How important is courage in organizations to create real, lasting innovation and growth?

“It’s supremely important. It’s courage that fuels a worker’s ability to pursue stretch goals, step up to challenges, and assert ideas. It’s courage that gives innovation the backbone that is needed when new ideas have to be fought for. It’s courage that allows you to withstand the turbulence and naysaying that inevitably accompany new ideas in the early stages. And it’s courage that allows you to ditch a product that’s on its last leg but sentimentality is causing people to hold on too tightly to the past.

“Given the chance, where would you rather work, in a company where everyone’s behavior is directed by fear and anxiety, or where people were confident and courageous?”

What are the best ways to encourage more worthwhile risk-taking when it comes to innovation and growth?

“The single most influential determinant of a culture is the leader of its behaviors. So if a company wants its workers to take some innovative high dives, metaphorically speaking, then the leaders have to be the first ones up and off the platform. Leaders have to Jump First.

“Bertrand Russell once said, “All great ideas start out first as blasphemy.” So, if you really want to create ground-breaking ideas, you have to be willing to defy tradition. You have to encourage pushback, a collision of ideas, and spirited disagreement. All, of course, directed toward an outcome of a fetching and marketable idea. That means leaders have to explicitly encourage back-talk. Especially back-talk that is directed at challenging conventions, cutting through bureaucracy, and neutralizing organizational politics that hinder the implementation, or at least piloting, of good ideas.”

What organizations are good examples of fostering courage and focusing it into innovation and growth?
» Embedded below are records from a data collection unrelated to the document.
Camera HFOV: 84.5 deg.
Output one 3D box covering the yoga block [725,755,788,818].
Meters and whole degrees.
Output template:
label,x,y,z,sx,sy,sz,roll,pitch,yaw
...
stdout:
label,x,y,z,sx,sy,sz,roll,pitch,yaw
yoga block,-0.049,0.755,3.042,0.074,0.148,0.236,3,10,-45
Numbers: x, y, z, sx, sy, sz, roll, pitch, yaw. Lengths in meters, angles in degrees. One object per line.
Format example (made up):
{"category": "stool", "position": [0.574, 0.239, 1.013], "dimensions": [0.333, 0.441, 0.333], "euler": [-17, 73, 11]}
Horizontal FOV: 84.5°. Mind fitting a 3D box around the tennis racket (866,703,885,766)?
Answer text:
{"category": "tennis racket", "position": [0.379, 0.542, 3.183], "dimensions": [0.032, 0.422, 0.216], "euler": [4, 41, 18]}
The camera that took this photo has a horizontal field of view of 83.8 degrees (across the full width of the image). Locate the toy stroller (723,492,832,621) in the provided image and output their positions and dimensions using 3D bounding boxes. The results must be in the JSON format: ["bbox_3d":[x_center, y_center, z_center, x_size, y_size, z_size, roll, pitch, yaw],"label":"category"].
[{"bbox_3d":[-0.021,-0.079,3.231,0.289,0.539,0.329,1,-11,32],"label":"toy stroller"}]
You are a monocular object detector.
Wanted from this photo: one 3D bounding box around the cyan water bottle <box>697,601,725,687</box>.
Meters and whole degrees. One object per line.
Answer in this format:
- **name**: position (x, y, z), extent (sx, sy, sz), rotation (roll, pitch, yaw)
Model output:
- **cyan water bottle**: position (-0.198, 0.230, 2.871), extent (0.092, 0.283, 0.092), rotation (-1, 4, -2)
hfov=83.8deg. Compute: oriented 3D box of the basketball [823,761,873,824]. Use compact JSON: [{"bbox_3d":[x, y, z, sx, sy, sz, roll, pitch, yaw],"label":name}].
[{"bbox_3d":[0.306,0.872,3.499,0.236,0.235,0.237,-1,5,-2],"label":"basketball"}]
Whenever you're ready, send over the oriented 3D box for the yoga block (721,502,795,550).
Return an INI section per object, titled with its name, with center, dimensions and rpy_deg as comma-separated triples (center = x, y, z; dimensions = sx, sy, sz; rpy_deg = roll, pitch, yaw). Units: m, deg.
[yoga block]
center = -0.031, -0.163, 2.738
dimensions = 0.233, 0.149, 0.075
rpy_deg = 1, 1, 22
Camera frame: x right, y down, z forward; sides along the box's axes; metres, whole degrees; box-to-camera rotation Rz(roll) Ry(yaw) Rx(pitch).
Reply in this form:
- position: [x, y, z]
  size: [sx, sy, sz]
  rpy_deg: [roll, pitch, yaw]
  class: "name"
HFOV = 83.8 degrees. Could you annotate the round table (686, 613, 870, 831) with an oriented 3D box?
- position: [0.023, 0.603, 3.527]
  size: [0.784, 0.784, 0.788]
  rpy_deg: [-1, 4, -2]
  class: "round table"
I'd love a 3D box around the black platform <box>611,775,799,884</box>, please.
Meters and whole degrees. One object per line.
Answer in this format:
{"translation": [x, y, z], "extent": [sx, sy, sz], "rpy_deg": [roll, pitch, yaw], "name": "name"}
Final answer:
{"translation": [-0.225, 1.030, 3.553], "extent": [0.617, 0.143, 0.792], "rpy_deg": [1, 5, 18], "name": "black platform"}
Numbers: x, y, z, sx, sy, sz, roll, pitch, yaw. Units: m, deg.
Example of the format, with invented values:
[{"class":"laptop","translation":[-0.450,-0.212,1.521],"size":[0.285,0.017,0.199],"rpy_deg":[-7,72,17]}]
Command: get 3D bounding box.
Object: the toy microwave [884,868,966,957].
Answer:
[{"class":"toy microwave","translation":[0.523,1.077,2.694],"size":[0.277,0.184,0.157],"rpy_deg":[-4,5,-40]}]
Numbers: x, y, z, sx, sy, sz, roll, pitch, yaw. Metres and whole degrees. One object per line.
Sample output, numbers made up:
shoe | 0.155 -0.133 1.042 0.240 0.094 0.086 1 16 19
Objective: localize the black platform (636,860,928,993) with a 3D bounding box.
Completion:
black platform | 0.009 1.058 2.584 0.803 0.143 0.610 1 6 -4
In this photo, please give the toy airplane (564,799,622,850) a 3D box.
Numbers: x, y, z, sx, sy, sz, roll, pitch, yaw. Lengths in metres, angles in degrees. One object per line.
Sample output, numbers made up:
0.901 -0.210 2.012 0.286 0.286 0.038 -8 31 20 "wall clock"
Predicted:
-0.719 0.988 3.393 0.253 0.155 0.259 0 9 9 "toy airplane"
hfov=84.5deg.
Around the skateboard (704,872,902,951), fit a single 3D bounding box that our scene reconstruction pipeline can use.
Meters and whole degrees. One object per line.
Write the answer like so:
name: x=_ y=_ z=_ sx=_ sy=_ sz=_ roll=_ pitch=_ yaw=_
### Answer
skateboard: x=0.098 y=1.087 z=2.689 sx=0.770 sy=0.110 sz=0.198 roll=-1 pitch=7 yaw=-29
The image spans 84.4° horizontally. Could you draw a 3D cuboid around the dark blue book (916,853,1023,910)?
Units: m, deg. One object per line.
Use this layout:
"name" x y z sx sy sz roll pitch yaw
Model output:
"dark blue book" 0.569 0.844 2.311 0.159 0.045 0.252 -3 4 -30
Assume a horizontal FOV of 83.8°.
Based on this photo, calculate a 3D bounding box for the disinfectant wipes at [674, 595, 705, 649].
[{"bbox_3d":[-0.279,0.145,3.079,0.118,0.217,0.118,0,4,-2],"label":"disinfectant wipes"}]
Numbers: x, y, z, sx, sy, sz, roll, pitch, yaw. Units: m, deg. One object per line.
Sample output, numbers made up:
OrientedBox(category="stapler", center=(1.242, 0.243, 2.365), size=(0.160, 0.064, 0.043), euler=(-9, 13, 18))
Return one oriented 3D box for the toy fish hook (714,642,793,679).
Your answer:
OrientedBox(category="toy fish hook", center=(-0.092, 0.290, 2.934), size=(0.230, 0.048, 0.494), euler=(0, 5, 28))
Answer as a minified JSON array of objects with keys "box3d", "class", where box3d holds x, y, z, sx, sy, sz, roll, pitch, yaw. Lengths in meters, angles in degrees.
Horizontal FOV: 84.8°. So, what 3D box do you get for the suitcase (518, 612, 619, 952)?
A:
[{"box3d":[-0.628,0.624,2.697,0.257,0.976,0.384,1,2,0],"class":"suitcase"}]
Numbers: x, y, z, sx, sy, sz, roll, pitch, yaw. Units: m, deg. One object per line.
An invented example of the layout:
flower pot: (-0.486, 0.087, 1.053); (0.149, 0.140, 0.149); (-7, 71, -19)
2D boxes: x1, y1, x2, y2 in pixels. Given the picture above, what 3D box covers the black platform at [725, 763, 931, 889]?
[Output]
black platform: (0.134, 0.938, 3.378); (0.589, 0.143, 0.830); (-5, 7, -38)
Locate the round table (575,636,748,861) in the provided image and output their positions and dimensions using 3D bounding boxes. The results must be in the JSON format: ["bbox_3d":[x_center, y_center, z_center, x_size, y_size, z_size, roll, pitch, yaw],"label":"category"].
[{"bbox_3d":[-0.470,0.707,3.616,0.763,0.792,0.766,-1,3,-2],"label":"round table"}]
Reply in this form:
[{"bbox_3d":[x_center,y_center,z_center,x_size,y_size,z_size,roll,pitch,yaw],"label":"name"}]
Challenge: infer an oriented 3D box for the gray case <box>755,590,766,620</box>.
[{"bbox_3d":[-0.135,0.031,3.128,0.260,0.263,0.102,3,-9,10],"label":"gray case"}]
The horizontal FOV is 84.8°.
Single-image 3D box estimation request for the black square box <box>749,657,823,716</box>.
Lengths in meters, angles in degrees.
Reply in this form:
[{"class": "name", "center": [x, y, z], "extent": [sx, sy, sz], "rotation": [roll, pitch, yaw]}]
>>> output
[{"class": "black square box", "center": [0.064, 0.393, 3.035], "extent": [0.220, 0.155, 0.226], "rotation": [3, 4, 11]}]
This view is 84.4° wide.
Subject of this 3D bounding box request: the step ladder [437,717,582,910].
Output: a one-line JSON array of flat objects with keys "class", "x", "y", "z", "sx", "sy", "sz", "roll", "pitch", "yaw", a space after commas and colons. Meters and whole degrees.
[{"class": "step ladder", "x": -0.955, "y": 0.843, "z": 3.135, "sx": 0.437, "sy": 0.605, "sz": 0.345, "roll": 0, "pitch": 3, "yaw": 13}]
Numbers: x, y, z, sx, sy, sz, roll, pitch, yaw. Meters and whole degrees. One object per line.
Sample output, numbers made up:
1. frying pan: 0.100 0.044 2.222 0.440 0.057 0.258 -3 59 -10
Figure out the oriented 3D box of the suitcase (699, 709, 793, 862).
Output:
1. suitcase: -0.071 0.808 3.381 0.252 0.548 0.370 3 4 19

“Organizationally, it is easier to share specific instances of decisions that were courageous, versus labeling an organization a fully “courageous company”. I think Patagonia displayed courage when it decided to use only pesticide-free cotton in the production of its cotton clothes. It cost them a bundle to do that, but ultimately resulted in more sales. Likewise, the decision of Domino’s Pizza to advertise that their internal research confirmed that their pizza’s tasted lousy, was courageous. In a sense, they were inviting the public into the process of reinventing Domino’s image (and pizza), and it’s working. Dove’s decision to use real women in its commercials, instead of waif-like fairy princesses, took courage. Gore-Tex, of course, is widely admired for fostering a client of smart risk-taking and mistake-making. In terms of consistent, sustainable innovation, they’re the gold-standard.”